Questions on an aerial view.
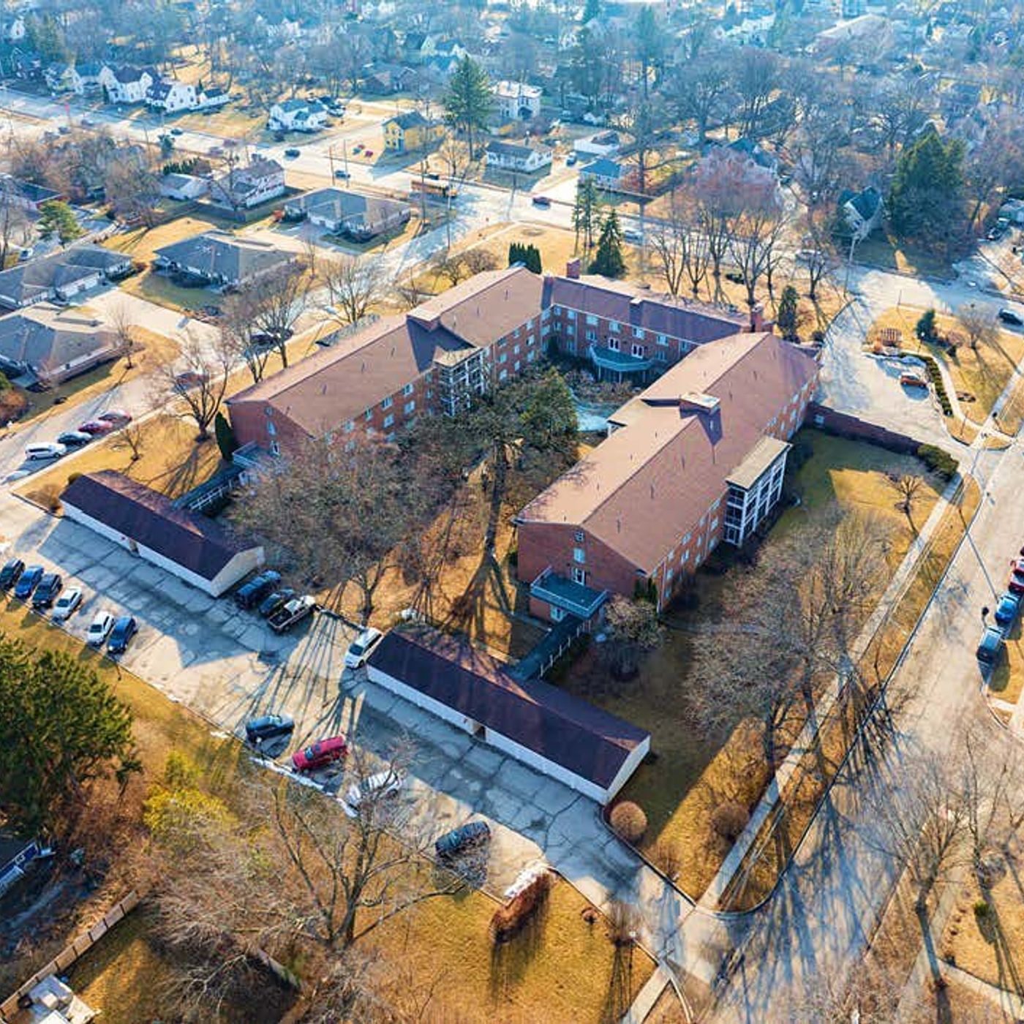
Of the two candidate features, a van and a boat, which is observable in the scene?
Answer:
van
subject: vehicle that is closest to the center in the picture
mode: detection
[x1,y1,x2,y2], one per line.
[342,627,385,668]
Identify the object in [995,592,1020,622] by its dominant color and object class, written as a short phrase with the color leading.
blue car
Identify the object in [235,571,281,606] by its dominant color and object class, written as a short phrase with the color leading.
blue van
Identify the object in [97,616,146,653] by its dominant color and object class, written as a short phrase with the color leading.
blue car
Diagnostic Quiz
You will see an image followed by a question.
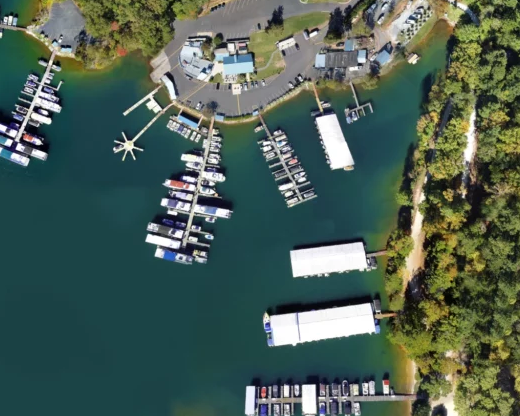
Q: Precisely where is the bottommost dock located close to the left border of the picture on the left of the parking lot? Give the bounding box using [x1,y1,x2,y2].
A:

============================================================

What needs to be done:
From the entries above, copy every line that holds the word "picture".

Answer to the exercise:
subject: vehicle that is closest to the center in the picture
Q: Precisely where is the bottommost dock located close to the left border of the picture on the left of the parking lot? Give the bounding box using [x1,y1,x2,y2].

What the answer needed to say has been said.